Addison’s Disease – What it is, Symptoms and Treatments!

Addison’s Disease – What it is, Symptoms and Treatments we should be aware of. Also, your adrenal glands are located on top of your kidneys . These glands produce many of the hormones your body needs for normal functions.

Addison ‘s disease occurs when the adrenal cortex is damaged and the adrenal glands do not produce enough of the steroid hormones cortisol and aldosterone. Cortisol regulates the body’s reaction to stressful situations. Aldosterone helps with sodium and potassium regulation . The adrenal cortex also produces sex hormones (androgens).

Main Symptoms of Addison’s Disease:  People with Addison’s disease may experience the following symptoms:

  • Weakness in the muscles
  • fatigue and tiredness
  • Darkening in skin color
  • Weight loss or decreased appetite
  • A decrease in heart rate or blood pressure
  • Low blood sugar levels
  • fainting spells
  • mouth sores
  • nausea
  • vomiting
  • irritability or depression

If Addison’s disease is not treated for a long time, it can become an Addisonian crisis. An Addisonian crisis is a life-threatening medical emergency. Call 911 immediately if you or someone you know starts trying:

  • Mental status changes (confusion, fear, or agitation)
  • Loss of consciousness
  • High fever
  • Sudden pain in your lower back, belly, or legs
  • An untreated Addisonian crisis can lead to shock and death.

Main Causes of Addison’s Disease:  There are two main classifications for Addison’s disease: primary adrenal insufficiency and secondary adrenal insufficiency. To treat your condition, your doctor will need to find out which type is responsible for your condition.

Primary Adrenal Insufficiency: Primary  adrenal insufficiency occurs when your adrenal glands are damaged so severely that they can no longer produce hormones. This type of Addison’s disease is most often caused when your immune system attacks your adrenal glands. This is called an autoimmune disease. In an autoimmune disease, your body’s immune system tricks any organ or area of ​​the body into a virus, bacteria, or other foreign invader.

Other causes of primary adrenal insufficiency include:

  • Prolonged administration of glucocorticoids (eg, prednisone)
  • Infections in your body
  • Cancer and abnormal growth (tumors)
  • Certain blood thinners used to control blood clotting
  • Secondary adrenal insufficiency

Secondary adrenal insufficiency occurs when the pituitary gland (located in your brain) cannot produce adrenocorticotropic hormone (ACTH). ACTH tells the adrenal gland when to release hormones.

It’s also possible to develop adrenal insufficiency if you don’t take the corticosteroid medications your doctor prescribes. Corticosteroids help manage chronic health conditions such as asthma .

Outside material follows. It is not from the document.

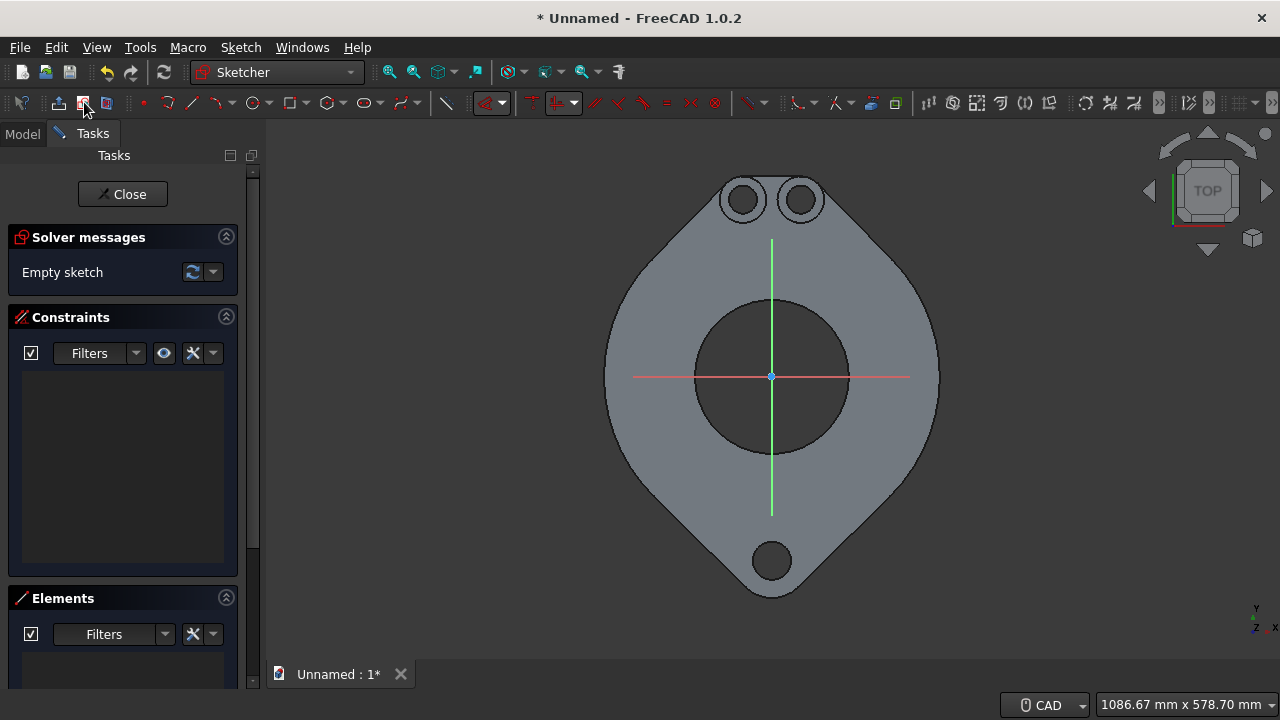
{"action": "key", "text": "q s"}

Risk Factors for Addison’s Disease:  You may be at greater risk for Addison’s disease if you:

  • have cancer
  • Taking anticoagulants (blood thinners)
  • Have chronic infections such as tuberculosis
  • Surgery to remove any part of the adrenal gland
  • Have an autoimmune disease, such as type 1 diabetes or Graves’ disease

Addison  ‘s Disease Diagnosis : Your doctor will ask you about your medical history and the symptoms you are experiencing. They will do a physical exam and may order some lab tests to check your potassium and sodium levels . Your doctor may also order imaging tests and measure your hormone levels.

Treatment for Addison’s Disease:  Your treatment will depend on what is causing your condition. Your doctor may prescribe medications that regulate the adrenal gland. Following the treatment plan your doctor creates for you is very important. Untreated Addison’s disease can lead to an Addisoncrisis .

If your condition has not been treated for a long time, and has progressed to a potentially life-threatening condition called an Addisonian crisis, your doctor may prescribe medication to treat it first. Addisonian crisis causes low blood pressure, high blood potassium and low blood sugar levels.

Medications:  You may need to take a combination of medications with glucocorticoids (drugs that stop inflammation) to improve your health. These medications will be taken for the rest of your life and you cannot miss a dose. Hormone replacements may be prescribed to replace hormones that your adrenal glands aren’t making.

Home Care:  Keep an emergency kit that contains your medications on hand at all times. Ask your doctor to write a prescription for an injectable corticosteroid for emergencies. You may also want to keep a medical alert card in your wallet and a bracelet on your wrist to let others know about your condition.

Alternative Therapies:  It is important to keep your stress level low if you have Addison’s disease . Major life events, such as the death of a loved one or an injury, can increase your stress level and affect how you respond to your medications. Talk to your doctor about alternative ways to relieve stress , such as yoga and meditation.